Exercise details
Find the word "blocks" in the data. Return every line where it appears.

[Items listed in a dataset]
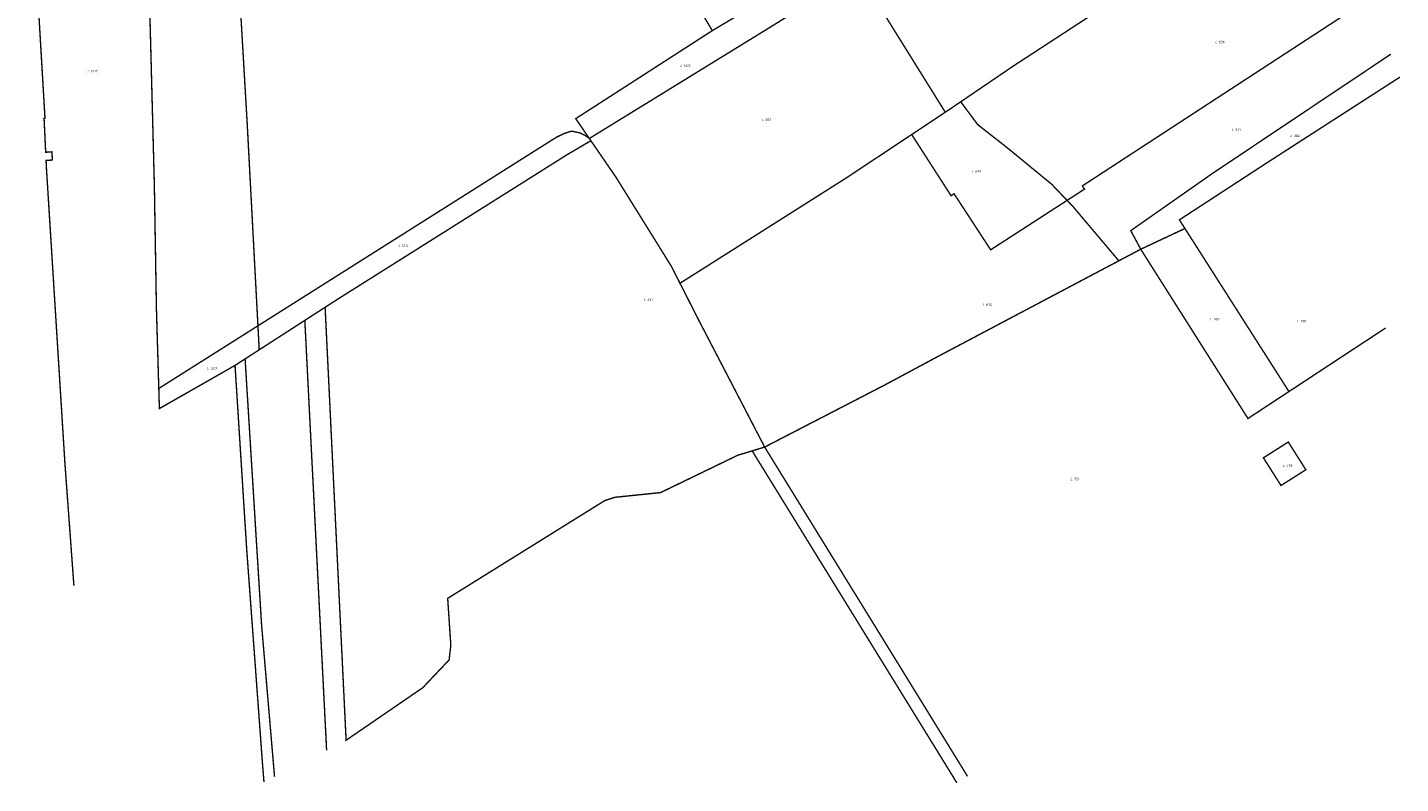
# Model space of a CAD drawing. Header units: metres. Extents: x 127868 to 128067, y 464536 to 464774.
# Tile 1 of 2: x 127868 to 128067, y 464536 to 464646. Entities that reach past the tile are written whole.
import ezdxf
from ezdxf.enums import TextEntityAlignment as Align
from ezdxf.lldxf.tags import DXFTag

# ---------------------------------------------------------------- set-up
doc = ezdxf.new("R2010")
doc.units = ezdxf.units.M
doc.layers.get('0').update_dxf_attribs({"linetype": 'CONTINUOUS'})
doc.layers.add('B-WE-KG-GRENS_PERCEEL-G', color=150, linetype='KG-PERCEEL', lineweight=18)
doc.layers.add('B-WE-KG-GRENS_PERCEEL-S', color=150, linetype='CONTINUOUS', lineweight=25)
doc.styles.add('NLCS-ISO', font='NLCS-ISO.ttf')
doc.styles.get("Standard").update_dxf_attribs({"font": 'NLCS-ISO.ttf'})
tags = doc.linetypes.add('KG-PERCEEL', pattern='A,5.5,-2,["P",Standard,S=1.8,R=0,X=-0.5,Y=-0.9],-2,5.5,-2,[5,NLCS.SHX,S=0.75,R=0,X=0,Y=0],-2', length=19).pattern_tags.tags
tags[6] = DXFTag(74, 10)

# ---------------------------------------------------------------- blocks, each defined once
blk = doc.blocks.new('SKG-PERCEELNUMMER-SO')
at = {"transparency": 33554687, "style": 'NLCS-ISO', "oblique": 10, "flags": 1}
blk.add_attdef('GEMEENTECODE', text='', height=1.8, dxfattribs=at).set_placement((0, 2.55), align=Align.MIDDLE_CENTER)
at = {"transparency": 33554687, "style": 'NLCS-ISO', "oblique": 10}
blk.add_attdef('SECTIE', text='', height=1.8, dxfattribs=at).set_placement((-0.5, 0), align=Align.MIDDLE_RIGHT)
blk.add_attdef('PERCEELNUMMER', text='', height=1.8, dxfattribs=at).set_placement((0.5, 0), align=Align.MIDDLE_LEFT)

msp = doc.modelspace()

# ---------------------------------------------------------------- linework, layer by layer
at = {"layer": 'B-WE-KG-GRENS_PERCEEL-G', "transparency": 33554687, "const_width": 0.2, "flags": 128}
for points in [[(127899.544, 464597.733), (127901.593, 464599.055), (127901.408, 464602.54), (127900.777, 464614.422), (127899.849, 464631.899), (127898.225, 464659.654), (127896.533, 464690.027), (127896.203, 464704.169), (127896.035, 464707.365), (127894.613, 464709.418), (127892.573, 464710.669), (127891.815, 464718.991), (127899.789, 464724.561), (127900.015, 464751.739), (127900.729, 464773.683)], [(127889.346, 464746.097), (127891.815, 464718.991), (127890.292, 464717.927), (127883.267, 464713.021), (127883.894, 464702.374), (127884.556, 464686.292), (127885.316, 464663.421), (127886.376, 464622.921), (127886.486, 464616.347), (127886.675, 464605.054), (127887.019, 464593.444), (127887.105, 464590.521), (127898.084, 464596.791), (127899.544, 464597.733), (127900.538, 464581.681), (127901.937, 464559.099), (127903.816, 464537.071)], [(127874.701, 464564.802), (127873.398, 464582.548), (127870.724, 464625.264), (127870.662, 464626.552), (127871.573, 464626.612), (127871.51, 464627.796), (127870.605, 464627.743), (127870.369, 464632.674), (127870.505, 464632.681), (127869.47, 464650.19), (127868.675, 464677.116), (127868.536, 464687.247), (127868.417, 464687.249), (127868.062, 464719.548), (127869.144, 464719.557), (127869.05, 464730.561), (127869.214, 464741.228)], [(128001.151, 464633.554), (127988.538, 464653.831), (127991.94, 464655.94), (127995.68, 464658.22), (128016.485, 464671.12), (128034.916, 464682.313), (128028.556, 464691.181), (128020.644, 464701.516), (128004.618, 464721.549), (128000, 464719.035), (127954.488, 464693.498), (127948.722, 464690.263)], [(127934.675, 464714.048), (127928.602, 464710.092), (127939.976, 464691.272), (127942.615, 464686.837), (127957.468, 464661.88), (127966.409, 464646.97), (127967.35, 464645.401), (127968.896, 464646.323), (127969.022, 464646.398), (127969.247, 464646.532), (127979.332, 464652.542)], [(128003.398, 464635.066), (128011.017, 464640.25), (128028.698, 464651.784), (128028.76, 464651.7), (128047.321, 464663.768), (128048.444, 464664.536), (128048.942, 464664.876), (128034.916, 464682.313)], [(128048.444, 464664.536), (128057.639, 464652.734), (128060.697, 464648.719), (128021.052, 464622.857), (128021.358, 464622.385), (128018.832, 464620.75), (128019.654, 464619.892), (128026.341, 464611.978)], [(127887.019, 464593.444), (127901.408, 464602.54), (127902.389, 464603.16), (127944.702, 464629.908), (127945.805, 464630.442), (127946.527, 464630.683), (127946.949, 464630.803), (127948.093, 464630.562), (127948.876, 464630.201), (127949.5, 464629.74), (127974.68, 464645.24), (127981.3, 464649.344), (127988.538, 464653.831)], [(127967.35, 464645.401), (127949.342, 464633.792), (127947.524, 464632.62), (127949.5, 464629.74), (127949.723, 464629.415), (127953.4, 464624.06), (127961.38, 464611.22), (127962.654, 464608.716)], [(128004.382, 464537.123), (127974.943, 464584.933), (127992.4, 464593.96), (128000, 464598.04), (128026.341, 464611.978), (128029.52, 464613.66), (128028.072, 464616.358), (128039.8, 464624.577), (128065.823, 464641.987)], [(128051.026, 464592.992), (128045.08, 464589.08), (128029.52, 464613.66), (128035.933, 464616.67), (128035.133, 464617.925), (128048.024, 464626.331), (128067.122, 464638.642)], [(128002.835, 464536.175), (127973.132, 464584.377), (127974.943, 464584.933), (127965.48, 464603.16), (127962.654, 464608.716), (127986.68, 464623.94), (127996.283, 464630.313), (128000, 464632.78), (128001.151, 464633.554), (128003.398, 464635.066), (128005.876, 464631.738), (128010.153, 464628.386), (128016.568, 464623.12), (128018.832, 464620.75), (128007.74, 464613.573), (128002.434, 464621.708), (128001.998, 464621.424), (127996.283, 464630.313)], [(127911.374, 464540.908), (127908.211, 464603.327), (127911.157, 464605.229), (127913.123, 464606.498), (127946.185, 464627.329), (127949.723, 464629.415)], [(128035.933, 464616.67), (128051.026, 464592.992), (128065.047, 464602.218)], [(127911.157, 464605.229), (127914.203, 464542.362), (127925.328, 464549.993), (127929.153, 464554.028), (127929.398, 464556.171), (127928.943, 464562.962), (127951.74, 464577.164), (127953.171, 464577.635), (127959.844, 464578.323), (127971.058, 464583.757), (127973.132, 464584.377)], [(127901.593, 464599.055), (127902.575, 464599.689), (127908.211, 464603.327)], [(127898.084, 464596.791), (127899.783, 464569.985), (127902.065, 464539.009), (127902.283, 464536.293)]]:
    msp.add_lwpolyline(points, dxfattribs=at)
msp.add_lwpolyline([(128053.483, 464581.639), (128050.931, 464585.663), (128047.321, 464583.374), (128049.872, 464579.351)], close=True, dxfattribs=at)

# ---------------------------------------------------------------- block references
at = {"layer": 'B-WE-KG-GRENS_PERCEEL-S', "transparency": 33554687, "xscale": 0.2, "yscale": 0.2, "zscale": 0.2}
for p, values in [((128040.725, 464643.749), {'PERCEELNUMMER': '636', 'SECTIE': 'L'}), ((127877.045, 464639.505), {'PERCEELNUMMER': '1217', 'SECTIE': 'L'}), ((127963.093, 464640.305), {'PERCEELNUMMER': '1012', 'SECTIE': 'L'}), ((127974.921, 464632.475), {'PERCEELNUMMER': '500', 'SECTIE': 'L'}), ((128043.122, 464631.045), {'PERCEELNUMMER': '637', 'SECTIE': 'L'}), ((128051.615, 464630.125), {'PERCEELNUMMER': '386', 'SECTIE': 'L'}), ((128005.369, 464624.932), {'PERCEELNUMMER': '635', 'SECTIE': 'L'}), ((127922.179, 464614.202), {'PERCEELNUMMER': '1214', 'SECTIE': 'L'}), ((127957.802, 464606.369), {'PERCEELNUMMER': '847', 'SECTIE': 'L'}), ((128006.966, 464605.632), {'PERCEELNUMMER': '634', 'SECTIE': 'L'}), ((128039.97, 464603.494), {'PERCEELNUMMER': '382', 'SECTIE': 'L'}), ((128052.595, 464603.206), {'PERCEELNUMMER': '190', 'SECTIE': 'L'}), ((127894.415, 464596.359), {'PERCEELNUMMER': '1213', 'SECTIE': 'L'}), ((128050.515, 464582.225), {'PERCEELNUMMER': '478', 'SECTIE': 'L'}), ((128019.701, 464580.299), {'PERCEELNUMMER': '721', 'SECTIE': 'L'})]:
    msp.add_blockref('SKG-PERCEELNUMMER-SO', p, dxfattribs=at).add_auto_attribs(values)

doc.saveas('drawing.dxf')

Response to this exercise
# ---------------------------------------------------------------- blocks, each defined once
blk = doc.blocks.new('SKG-PERCEELNUMMER-SO')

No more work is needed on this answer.